Security success always starts with understanding, defining, and documenting your process, even if it’s simple and manual in the beginning.
Architecture is one of the components of a security program that have been spoken about through each cycle as a trend.
We discuss things like the “firewall,” “Crunchy on the outside, soft in the middle,” “no borders,” or the one that just will not die: “defense in depth” — but these are just concepts, not the security architecture itself.
What to do:
For successful security architecture within a program, it needs to align with the organization’s environment and objectives, not just a trendy catchphrase that essentially means nothing.
You need to have a defined security architecture program with defined roles and responsibilities, business rules, and processes. You also need to define the security environment and where specifically data lives in each section of the architecture. This includes all of the preventative and detective safeguards in place that protect this information throughout the environment.
“Should Security fall under IT or Business?”
Security has gone through various organizational reporting cycles, from being part of IT and reporting to a CIO, to reporting to the CEO, to legal, and recently back to the CIO.
What to do:
Whether the security program reports to IT or business or whatever doesn’t necessarily matter — what matters is that the roles in cyber security are clearly defined.
The best place to do this for every role in your program is in your security program charter. The charter should detail any in-scope responsibilities, and as important any out-of-scope programs as well. Only take on program responsibilities where your accountability is in balance with your authority.

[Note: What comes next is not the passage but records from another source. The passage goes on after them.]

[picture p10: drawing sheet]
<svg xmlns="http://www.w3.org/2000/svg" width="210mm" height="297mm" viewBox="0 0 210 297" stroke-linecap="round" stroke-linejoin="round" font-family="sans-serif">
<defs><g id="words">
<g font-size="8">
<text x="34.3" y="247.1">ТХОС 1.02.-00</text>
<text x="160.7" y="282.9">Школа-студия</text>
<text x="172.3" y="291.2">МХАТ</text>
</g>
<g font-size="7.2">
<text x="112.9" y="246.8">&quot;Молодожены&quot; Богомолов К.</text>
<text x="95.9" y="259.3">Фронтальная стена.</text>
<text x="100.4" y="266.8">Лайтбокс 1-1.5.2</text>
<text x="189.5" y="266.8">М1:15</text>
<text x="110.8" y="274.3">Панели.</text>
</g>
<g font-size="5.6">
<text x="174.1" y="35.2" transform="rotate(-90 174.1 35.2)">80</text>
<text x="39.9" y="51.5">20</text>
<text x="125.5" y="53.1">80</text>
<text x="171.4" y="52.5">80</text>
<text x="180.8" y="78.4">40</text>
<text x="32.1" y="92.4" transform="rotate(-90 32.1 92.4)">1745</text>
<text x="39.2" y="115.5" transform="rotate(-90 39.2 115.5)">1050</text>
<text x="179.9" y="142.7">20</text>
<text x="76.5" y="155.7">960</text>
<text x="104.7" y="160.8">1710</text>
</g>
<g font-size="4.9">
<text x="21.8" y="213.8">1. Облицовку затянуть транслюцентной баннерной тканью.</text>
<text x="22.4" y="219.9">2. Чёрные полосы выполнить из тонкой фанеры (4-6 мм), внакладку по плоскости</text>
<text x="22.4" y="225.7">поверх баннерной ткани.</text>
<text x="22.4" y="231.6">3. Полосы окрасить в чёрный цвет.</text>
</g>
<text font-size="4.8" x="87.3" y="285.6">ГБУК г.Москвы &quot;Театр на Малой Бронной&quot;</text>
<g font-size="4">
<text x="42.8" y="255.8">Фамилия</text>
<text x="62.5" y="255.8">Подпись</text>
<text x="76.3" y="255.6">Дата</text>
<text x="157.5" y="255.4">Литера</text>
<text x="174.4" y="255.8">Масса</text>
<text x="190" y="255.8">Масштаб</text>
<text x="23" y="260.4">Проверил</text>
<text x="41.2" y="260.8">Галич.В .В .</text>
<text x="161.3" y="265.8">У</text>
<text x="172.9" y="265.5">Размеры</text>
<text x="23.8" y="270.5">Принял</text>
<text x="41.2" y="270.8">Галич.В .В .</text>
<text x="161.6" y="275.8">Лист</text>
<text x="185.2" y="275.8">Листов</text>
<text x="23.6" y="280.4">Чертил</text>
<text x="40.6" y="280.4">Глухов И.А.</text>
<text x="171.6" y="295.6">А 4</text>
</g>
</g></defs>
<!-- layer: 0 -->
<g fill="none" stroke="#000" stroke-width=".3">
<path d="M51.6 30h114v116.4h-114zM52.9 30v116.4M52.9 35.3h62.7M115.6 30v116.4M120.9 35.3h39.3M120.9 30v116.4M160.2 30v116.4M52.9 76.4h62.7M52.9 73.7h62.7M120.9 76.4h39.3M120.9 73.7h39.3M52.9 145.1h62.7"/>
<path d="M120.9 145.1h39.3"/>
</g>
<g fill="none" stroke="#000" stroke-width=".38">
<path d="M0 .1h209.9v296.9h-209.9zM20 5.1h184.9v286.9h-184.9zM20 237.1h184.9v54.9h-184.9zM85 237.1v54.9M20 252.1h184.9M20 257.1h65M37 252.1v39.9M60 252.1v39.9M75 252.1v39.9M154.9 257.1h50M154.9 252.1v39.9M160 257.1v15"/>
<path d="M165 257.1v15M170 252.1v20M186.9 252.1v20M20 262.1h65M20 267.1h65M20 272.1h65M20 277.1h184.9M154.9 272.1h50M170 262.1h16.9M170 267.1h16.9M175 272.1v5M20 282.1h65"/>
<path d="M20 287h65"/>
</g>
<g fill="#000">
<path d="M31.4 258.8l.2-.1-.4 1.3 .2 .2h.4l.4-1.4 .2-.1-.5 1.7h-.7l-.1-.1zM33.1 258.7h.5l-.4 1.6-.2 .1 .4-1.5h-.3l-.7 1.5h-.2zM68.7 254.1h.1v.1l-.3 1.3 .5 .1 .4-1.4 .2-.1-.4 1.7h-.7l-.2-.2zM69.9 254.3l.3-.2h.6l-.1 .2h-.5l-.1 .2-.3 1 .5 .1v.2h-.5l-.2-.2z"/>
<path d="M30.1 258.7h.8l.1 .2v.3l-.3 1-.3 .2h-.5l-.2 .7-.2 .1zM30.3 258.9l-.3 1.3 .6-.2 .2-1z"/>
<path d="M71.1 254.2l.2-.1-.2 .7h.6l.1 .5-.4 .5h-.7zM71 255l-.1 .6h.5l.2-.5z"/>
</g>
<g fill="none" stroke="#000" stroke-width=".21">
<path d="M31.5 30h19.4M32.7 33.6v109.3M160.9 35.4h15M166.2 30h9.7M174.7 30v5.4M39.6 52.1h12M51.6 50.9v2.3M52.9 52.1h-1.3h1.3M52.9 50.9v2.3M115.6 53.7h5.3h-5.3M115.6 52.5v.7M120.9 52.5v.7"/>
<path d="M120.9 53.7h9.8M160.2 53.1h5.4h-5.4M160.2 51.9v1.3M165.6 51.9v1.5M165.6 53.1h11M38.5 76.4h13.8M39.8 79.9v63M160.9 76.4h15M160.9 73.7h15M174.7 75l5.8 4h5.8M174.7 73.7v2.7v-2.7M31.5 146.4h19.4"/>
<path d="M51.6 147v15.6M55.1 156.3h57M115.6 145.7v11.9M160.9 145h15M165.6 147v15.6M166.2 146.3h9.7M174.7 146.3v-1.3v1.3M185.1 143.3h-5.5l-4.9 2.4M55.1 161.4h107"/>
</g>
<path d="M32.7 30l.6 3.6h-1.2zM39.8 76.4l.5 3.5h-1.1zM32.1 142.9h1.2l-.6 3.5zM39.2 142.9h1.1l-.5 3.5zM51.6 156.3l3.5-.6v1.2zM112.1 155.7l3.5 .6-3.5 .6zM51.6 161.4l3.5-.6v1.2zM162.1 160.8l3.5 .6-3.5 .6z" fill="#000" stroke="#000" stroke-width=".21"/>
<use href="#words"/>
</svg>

An organization should also define what security means in an organization through the programs that the security program leader owns, as well as the security policies and processes that fall under it. Security means different things to different people because it touches everything, so applying a definition will reduce confusion and the conversations about accountability will finally go away.
Security Communication Systems
Communication is incredibly important for a successful security program. The primary goal of a security program is to aid everyone in that business with making informed decisions. The communication system will be the means that people send and receive information regarding the security program, which enables the best decision making.
It’s ironic then that these systems are so important but have been dramatically lacking through each cycle. I’ve seen security programs that don’t present any information to programs that present endless loops of assessment reports and most recently, dashboards that look pretty and present random information but don’t necessarily support decision-making for the people that need it.
What to do:
Organizations need to define all the communication inputs and outputs for their system and make an inventory of decisions that need to be made by everyone involved. If this is your primary driver of requirements, you can ensure that your system communicates in a way that supports the informed decision making your program needs.
I also like to define the communication system in my program charter to help the organization understand what it is and how it supports everyone involved. An effective communication system is different than a dashboard that doesn’t do anything other than look pretty. “Pretty” doesn’t help make decisions, and decisions are what organizations need to make progress.
This article was originally posted as an article on my LinkedIn account.